Latest revision as of 09:34, 10 March 2025

Problem

In $\triangle ABC$, $\angle A = 100^\circ$, $\angle B = 50^\circ$, $\angle C = 30^\circ$, $\overline{AH}$ is an altitude, and $\overline{BM}$ is a median. Then $\angle MHC=$

[asy] draw((0,0)--(16,0)--(6,6)--cycle); draw((6,6)--(6,0)--(11,3)--(0,0)); dot((6,6)); dot((0,0)); dot((11,3)); dot((6,0)); dot((16,0)); label("A", (6,6), N); label("B", (0,0), W); label("C", (16,0), E); label("H", (6,0), S); label("M", (11,3), NE);[/asy]

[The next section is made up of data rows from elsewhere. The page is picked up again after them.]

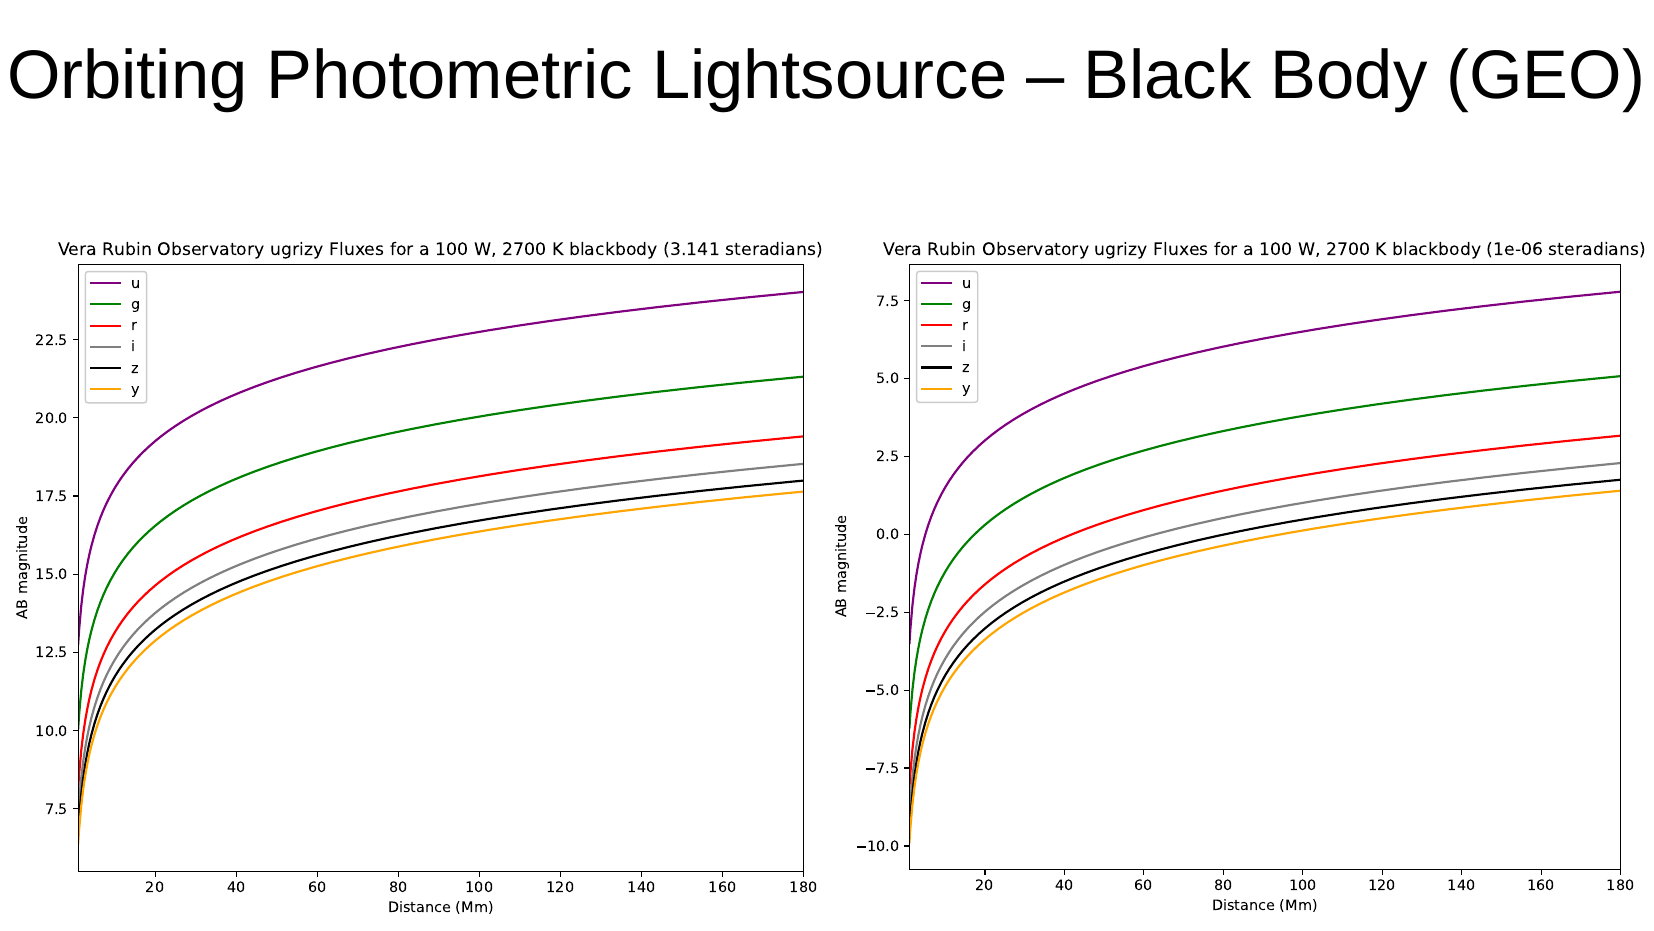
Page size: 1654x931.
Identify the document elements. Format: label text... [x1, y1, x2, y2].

picture [0, 225, 1651, 931]
title Orbiting Photometric Lightsource – Black Body (GEO) [0, 0, 1654, 151]
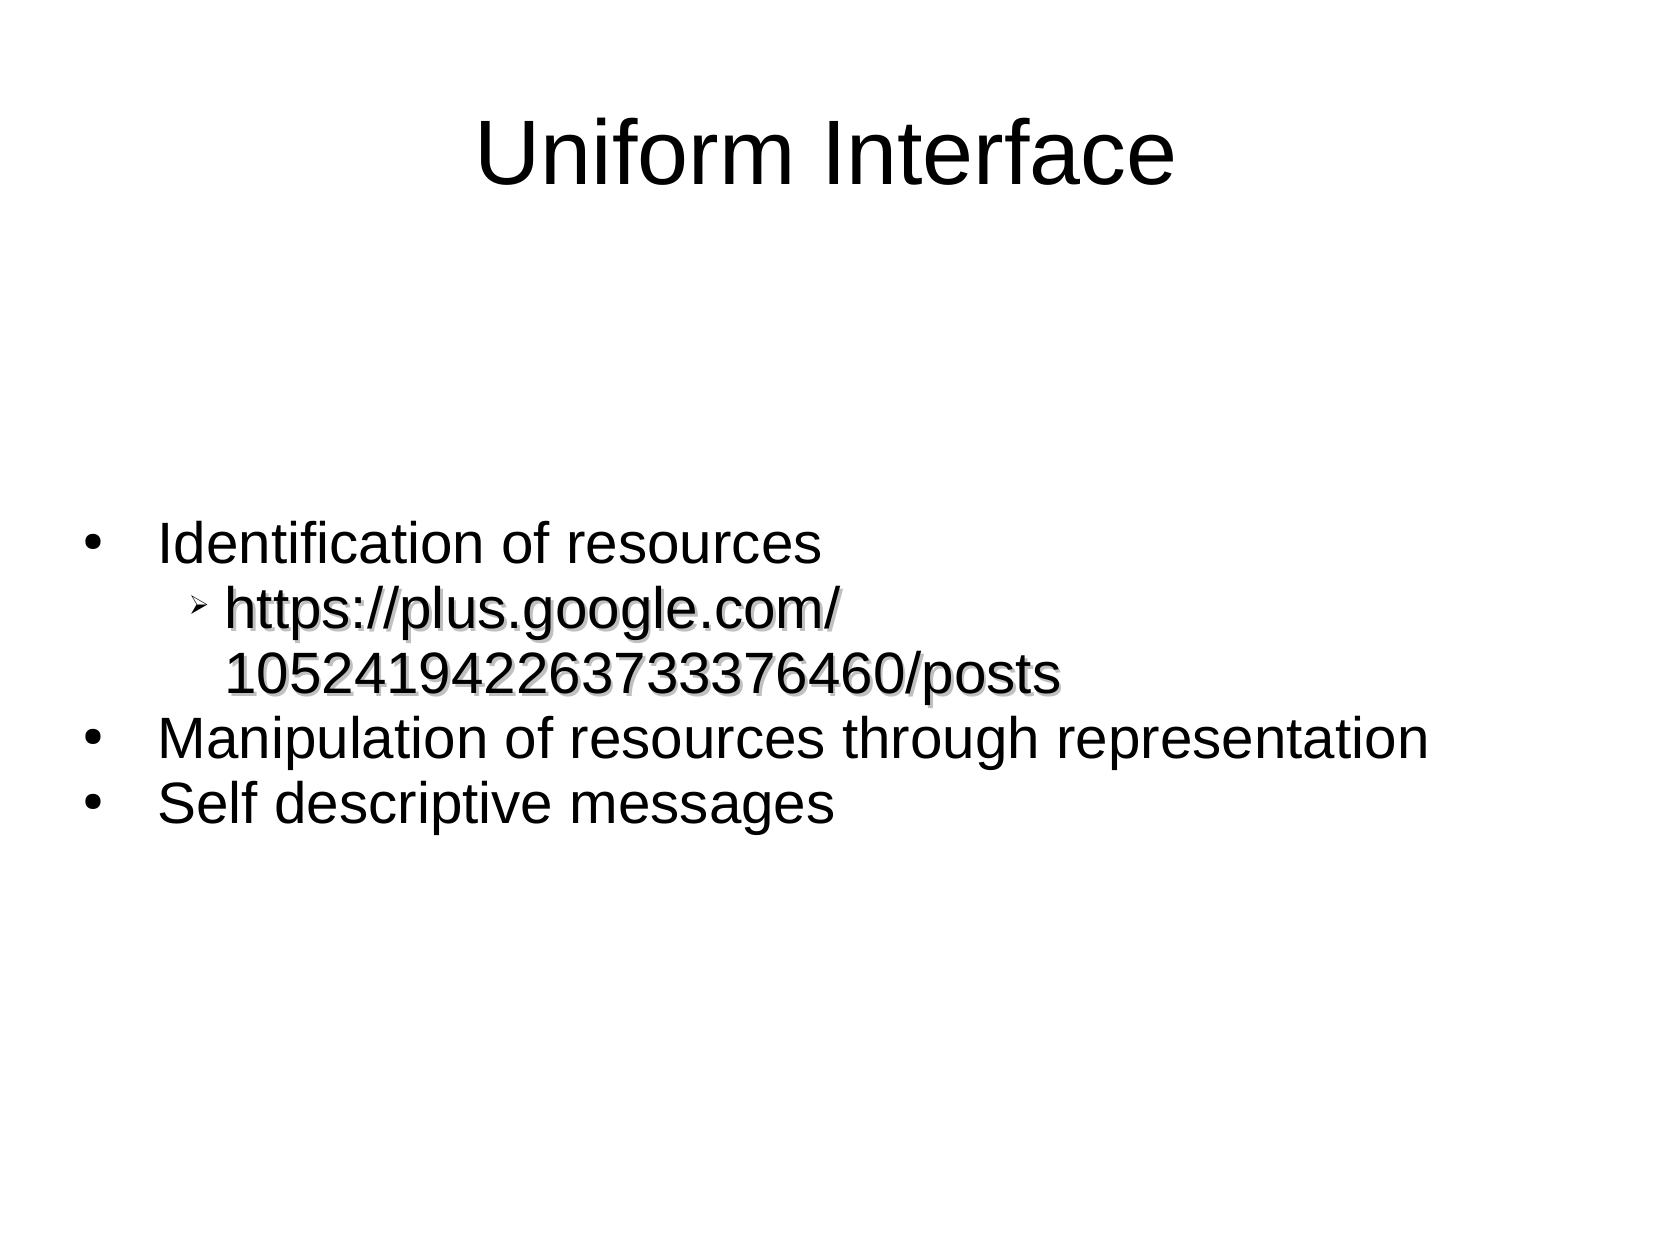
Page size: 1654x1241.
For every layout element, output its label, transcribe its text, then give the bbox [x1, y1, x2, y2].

subtitle Identification of resources https://plus.google.com/105241942263733376460/posts Manipulation of resources through representation Self descriptive messages [82, 290, 1571, 1010]
title Uniform Interface [82, 49, 1571, 257]
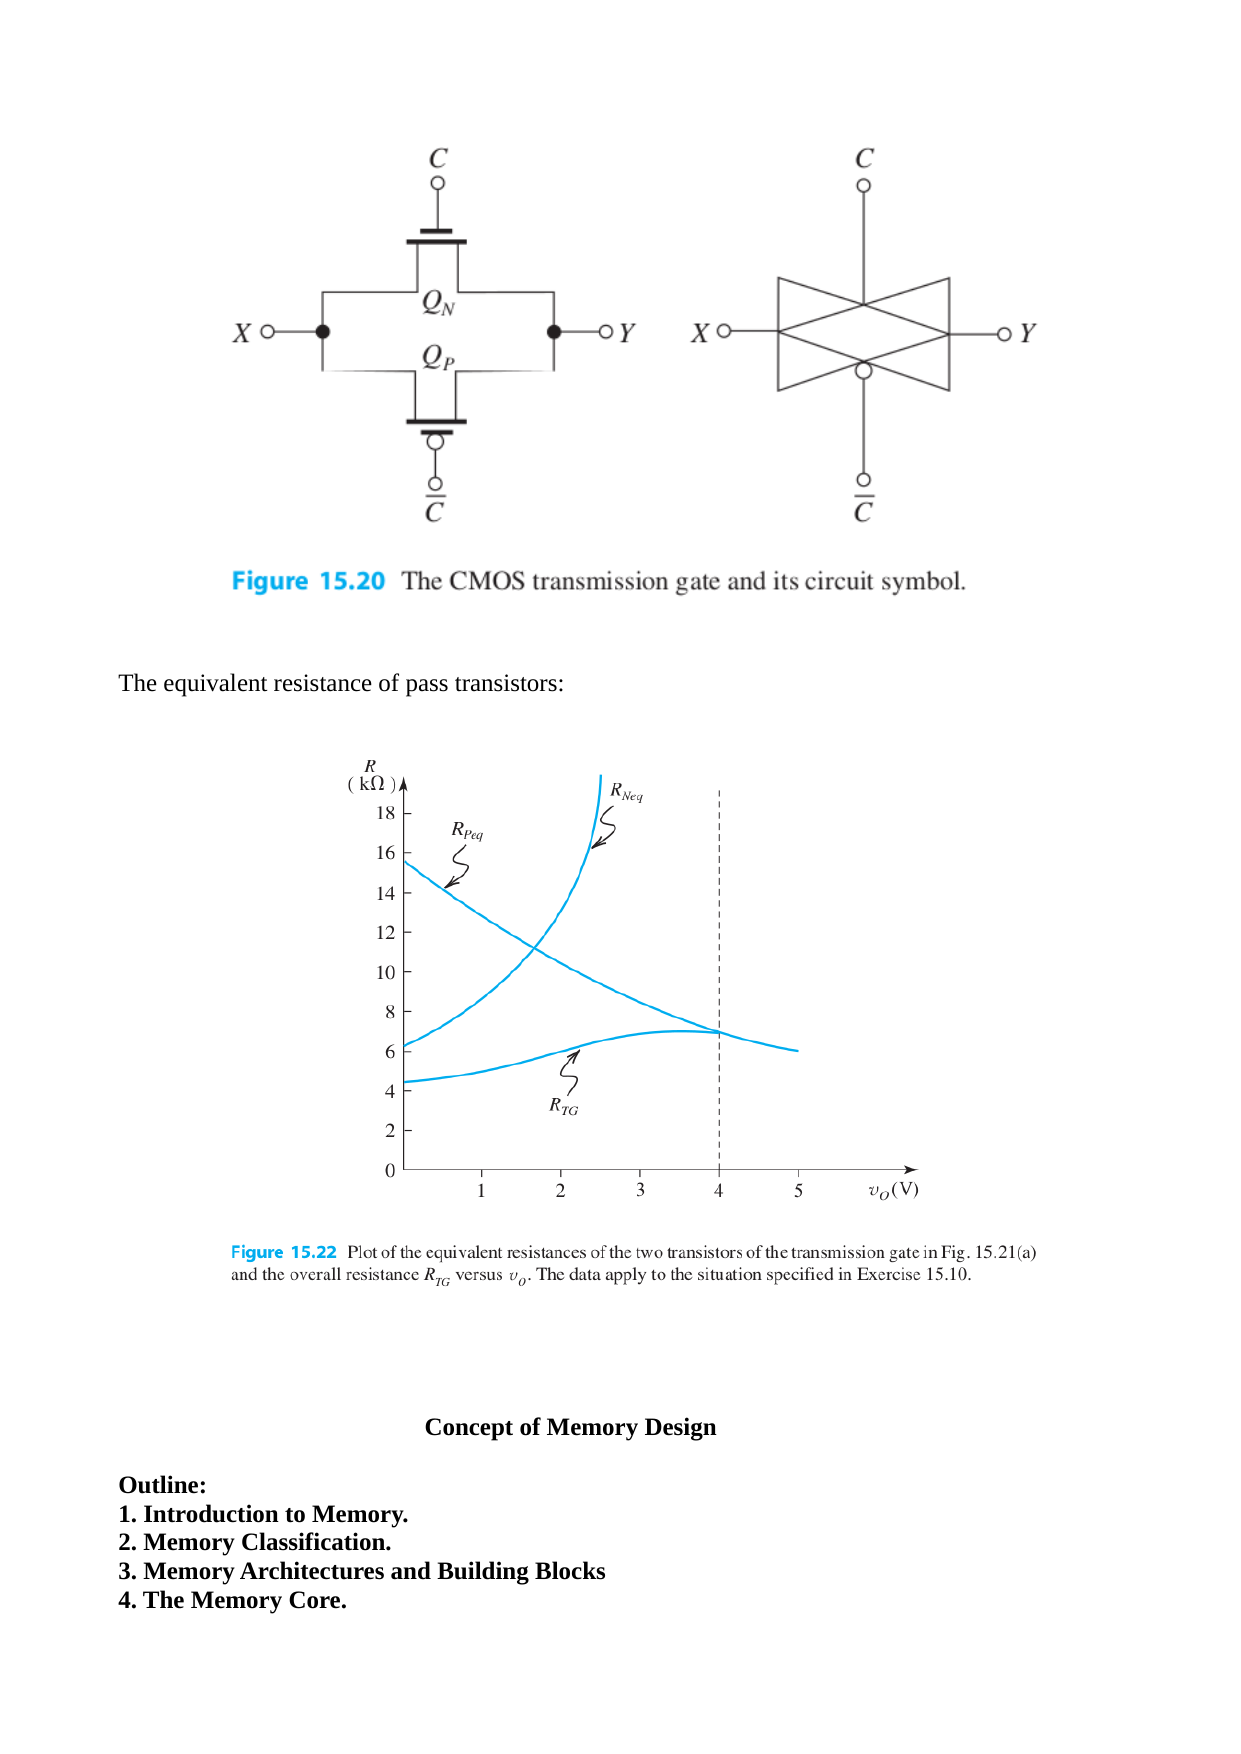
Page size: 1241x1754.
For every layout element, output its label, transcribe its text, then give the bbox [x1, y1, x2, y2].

text The equivalent resistance of pass transistors: [118, 668, 1122, 697]
picture [153, 118, 1087, 639]
picture [141, 725, 1099, 1298]
text Concept of Memory Design [118, 1412, 1122, 1441]
text 4. The Memory Core. [118, 1585, 1122, 1614]
text 2. Memory Classification. [118, 1527, 1122, 1556]
text 3. Memory Architectures and Building Blocks [118, 1556, 1122, 1585]
text 1. Introduction to Memory. [118, 1499, 1122, 1527]
text Outline: [118, 1470, 1122, 1499]
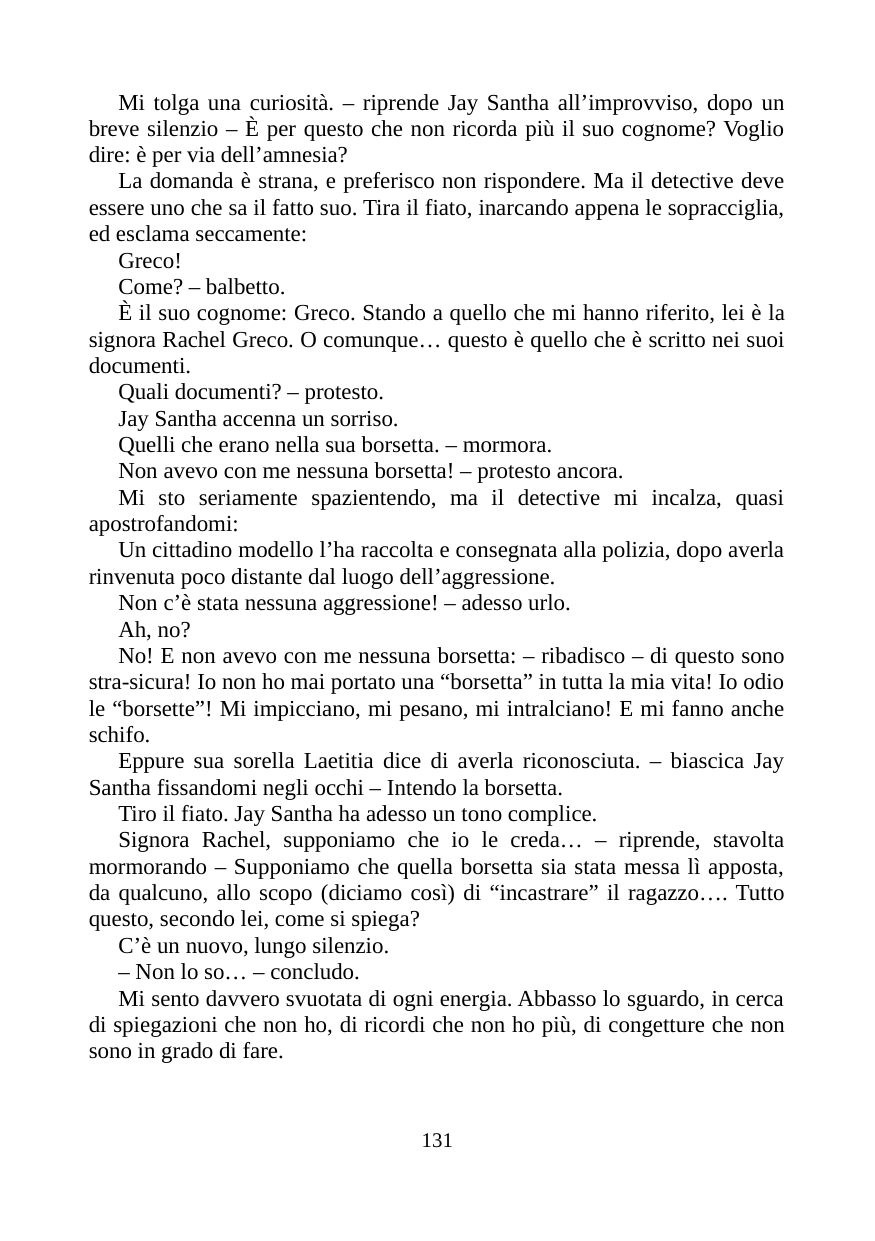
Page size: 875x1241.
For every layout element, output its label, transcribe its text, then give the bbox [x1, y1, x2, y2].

text Quelli che erano nella sua borsetta. – mormora. [88, 431, 786, 457]
text Un cittadino modello l’ha raccolta e consegnata alla polizia, dopo averla rinvenuta poco distante dal luogo dell’aggressione. [88, 537, 786, 589]
text Mi sto seriamente spazientendo, ma il detective mi incalza, quasi apostrofandomi: [88, 484, 786, 537]
text Greco! [88, 247, 786, 273]
text La domanda è strana, e preferisco non rispondere. Ma il detective deve essere uno che sa il fatto suo. Tira il fiato, inarcando appena le sopracciglia, ed esclama seccamente: [88, 168, 786, 247]
text – Non lo so… – concludo. [88, 958, 786, 984]
text È il suo cognome: Greco. Stando a quello che mi hanno riferito, lei è la signora Rachel Greco. O comunque… questo è quello che è scritto nei suoi documenti. [88, 299, 786, 378]
text No! E non avevo con me nessuna borsetta: – ribadisco – di questo sono stra-sicura! Io non ho mai portato una “borsetta” in tutta la mia vita! Io odio le “borsette”! Mi impicciano, mi pesano, mi intralciano! E mi fanno anche schifo. [88, 642, 786, 747]
text Eppure sua sorella Laetitia dice di averla riconosciuta. – biascica Jay Santha fissandomi negli occhi – Intendo la borsetta. [88, 747, 786, 800]
text Tiro il fiato. Jay Santha ha adesso un tono complice. [88, 800, 786, 826]
text Ah, no? [88, 616, 786, 642]
text Mi sento davvero svuotata di ogni energia. Abbasso lo sguardo, in cerca di spiegazioni che non ho, di ricordi che non ho più, di congetture che non sono in grado di fare. [88, 984, 786, 1064]
text Non c’è stata nessuna aggressione! – adesso urlo. [88, 589, 786, 616]
text Jay Santha accenna un sorriso. [88, 405, 786, 431]
text Quali documenti? – protesto. [88, 378, 786, 405]
text Signora Rachel, supponiamo che io le creda… – riprende, stavolta mormorando – Supponiamo che quella borsetta sia stata messa lì apposta, da qualcuno, allo scopo (diciamo così) di “incastrare” il ragazzo…. Tutto questo, secondo lei, come si spiega? [88, 826, 786, 932]
text C’è un nuovo, lungo silenzio. [88, 932, 786, 958]
text Non avevo con me nessuna borsetta! – protesto ancora. [88, 457, 786, 484]
text Mi tolga una curiosità. – riprende Jay Santha all’improvviso, dopo un breve silenzio – È per questo che non ricorda più il suo cognome? Voglio dire: è per via dell’amnesia? [88, 88, 786, 168]
text Come? – balbetto. [88, 273, 786, 299]

$\textrm{(A)}\ 15^\circ\qquad\textrm{(B)}\ 22.5^\circ\qquad\textrm{(C)}\ 30^\circ\qquad\textrm{(D)}\ 40^\circ\qquad\textrm{(E)}\ 45^\circ$

Solution

We are told that $\overline{BM}$ is a median, so $\overline{AM}=\overline{MC}$. Drop an altitude from $M$ to $\overline{HC}$, adding point $N$, and you can see that $\triangle ACH$ and $\triangle MCN$ are similar, implying $\overline{HN}=\overline{NC}$, implying that $\triangle MNH$ and $\triangle MNC$ are congruent, so $\angle MHC=\angle C=30^\circ$.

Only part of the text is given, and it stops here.